それがわかっていながら、防戦一方の状況が彼女に耐え難い屈辱を抱かせていた。
防ぎ、躱し、防ぎ、躱す、防ぐ。
その繰り返しのはずなのだが、捌けなくなってきていることを感じても、それでもこのループから脱せない。取り返しが付かない速度で死地へと近づいていた。

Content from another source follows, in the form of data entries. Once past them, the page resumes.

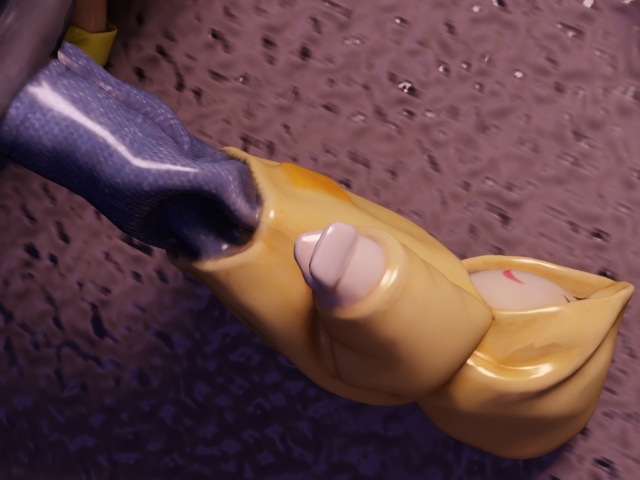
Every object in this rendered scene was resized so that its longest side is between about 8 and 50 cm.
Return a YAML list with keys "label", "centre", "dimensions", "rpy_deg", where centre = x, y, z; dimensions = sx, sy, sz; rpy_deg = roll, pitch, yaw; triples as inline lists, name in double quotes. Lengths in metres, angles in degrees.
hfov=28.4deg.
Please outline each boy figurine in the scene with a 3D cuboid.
- label: "boy figurine"
  centre: [0.000, 0.000, 0.466]
  dimensions: [0.285, 0.177, 0.092]
  rpy_deg: [28, 91, -16]

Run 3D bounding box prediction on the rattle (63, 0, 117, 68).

“死地”が現実の脅威としてファノンを襲ったのは僅か二秒後のことだった。
それは積み木のように、危うい土台の上で何段も精密に積み上げられているようなもの。
だからこそ、崩壊は起こるべくして起こる――唐突に。
目まぐるしく視線を振って、同時にハッと気付かされるかのように注意を全方位に向ける。
「クッ!!」
漏れる苦鳴。
全方位からの刹那的連打の予兆。
全方位からの一斉打撃。
その感覚は全身を包み込むような圧迫感となって押し寄せてきた。傘の間合いギリギリの距離から空間の歪みが発生する。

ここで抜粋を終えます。